**Task statement**
Look through the data below and work out how many lines hold "Point"; state only the number.

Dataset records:
• • • • • • •
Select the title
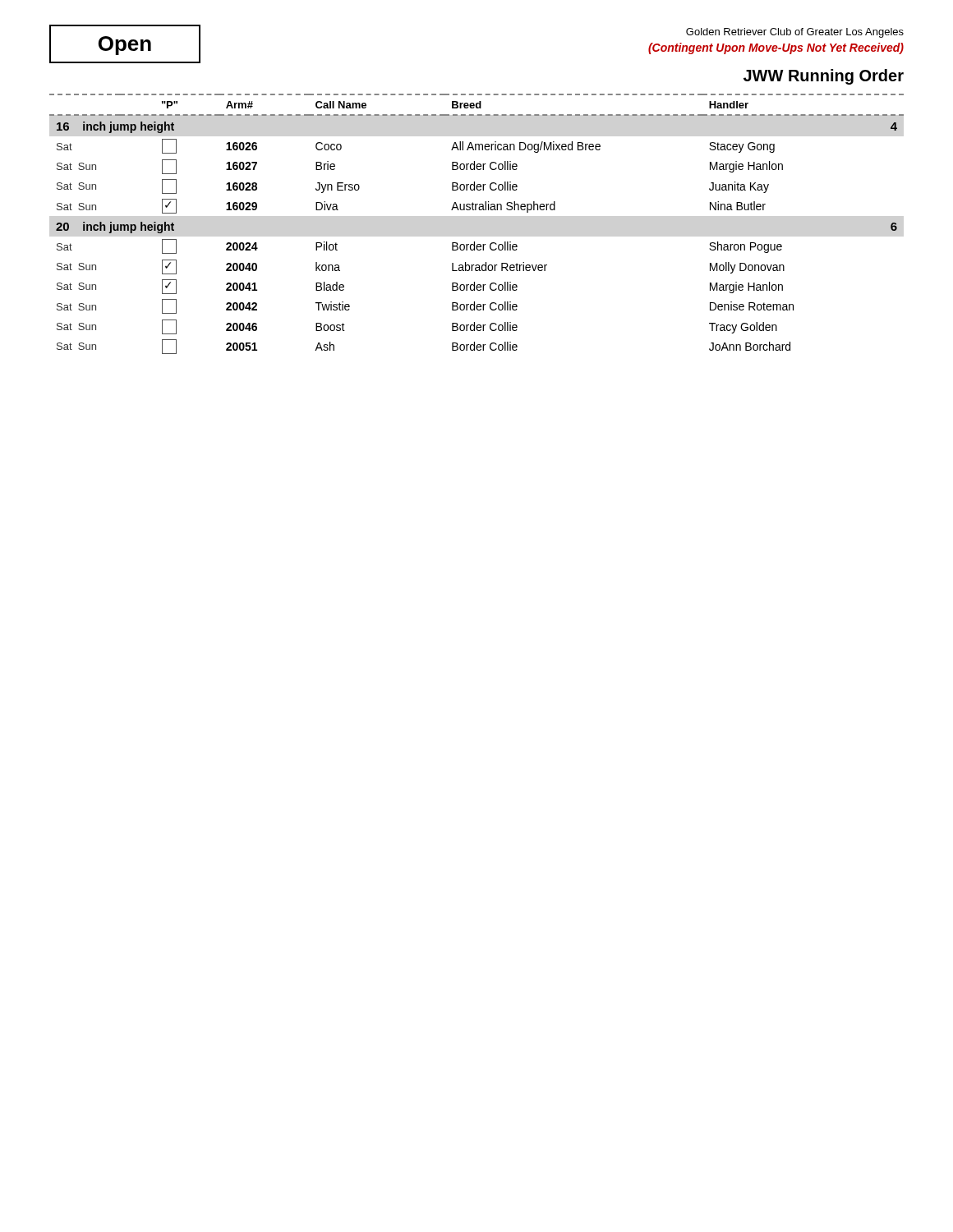This screenshot has width=953, height=1232. [125, 44]
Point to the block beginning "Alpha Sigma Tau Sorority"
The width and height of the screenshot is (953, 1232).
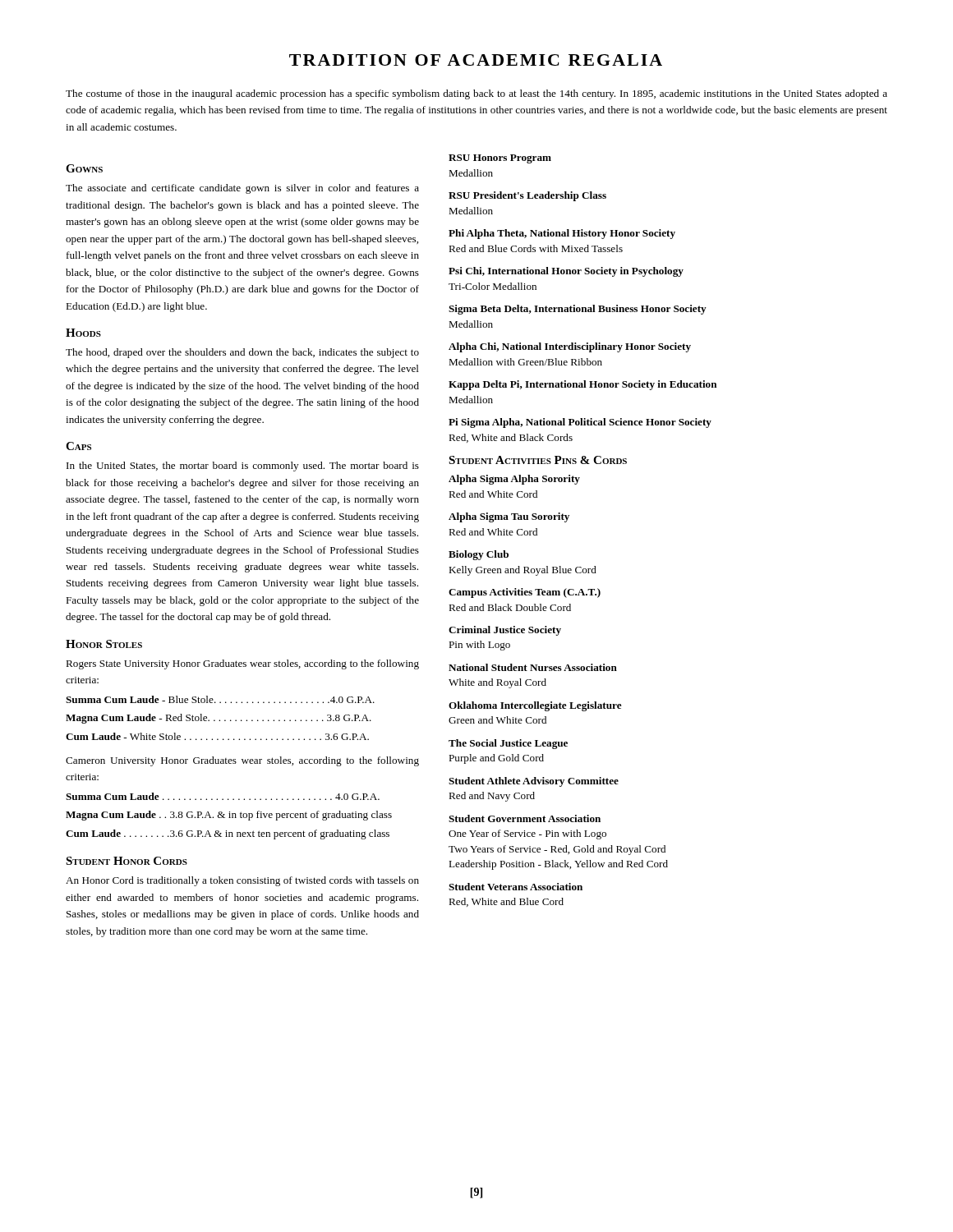[509, 517]
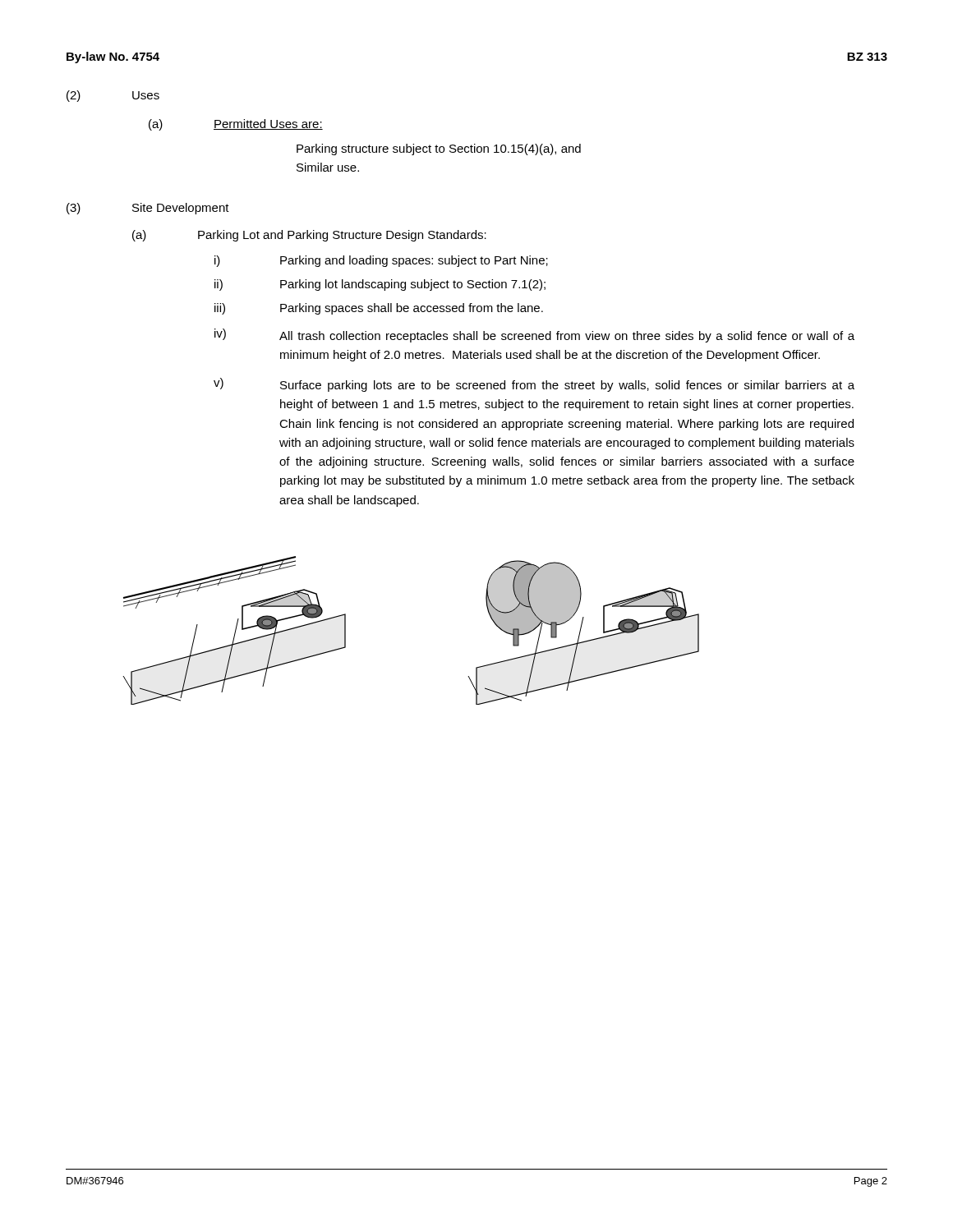The width and height of the screenshot is (953, 1232).
Task: Select the list item containing "v) Surface parking lots"
Action: coord(534,442)
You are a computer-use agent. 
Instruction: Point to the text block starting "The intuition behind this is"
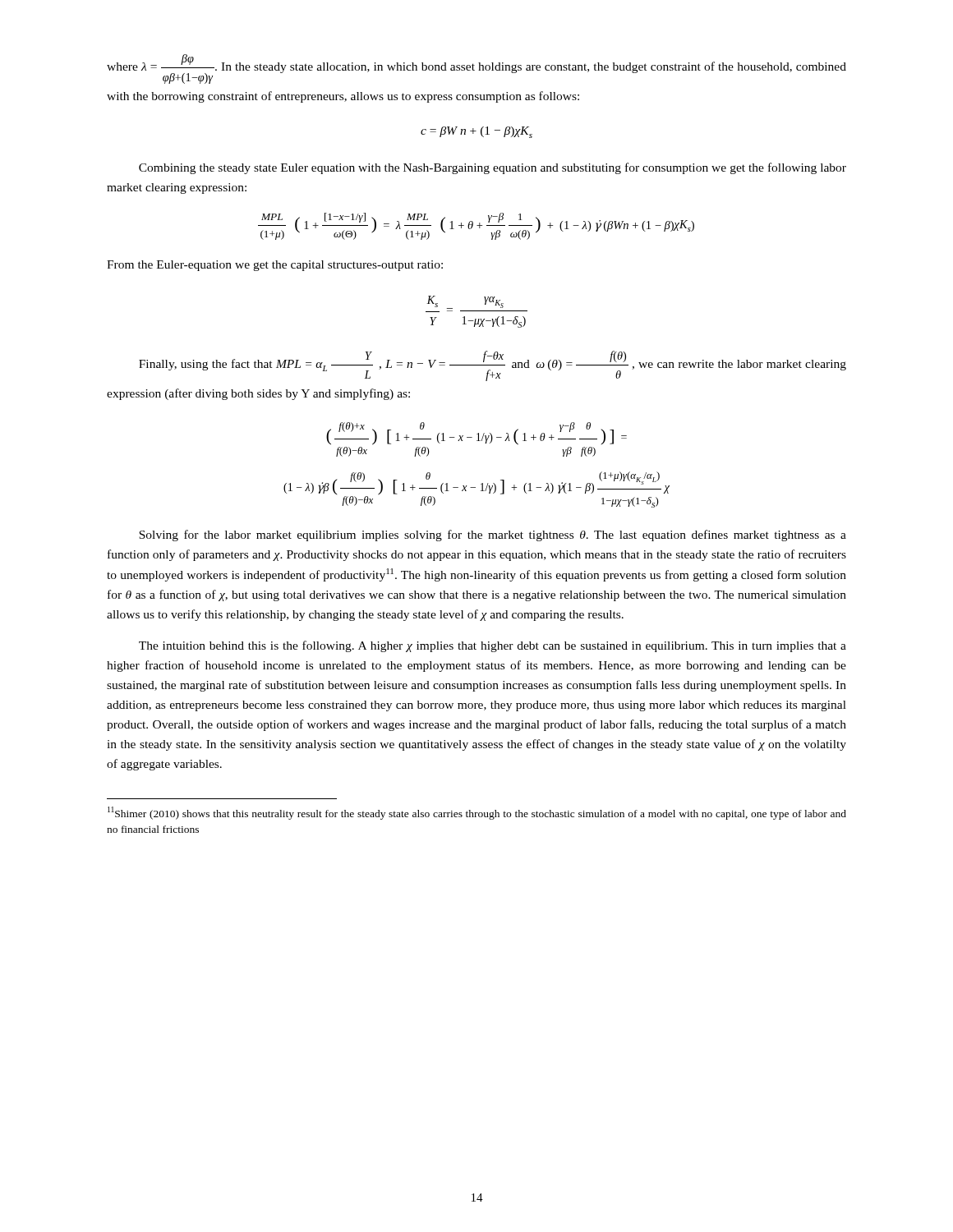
• • • • • • •
**Exercise response**
2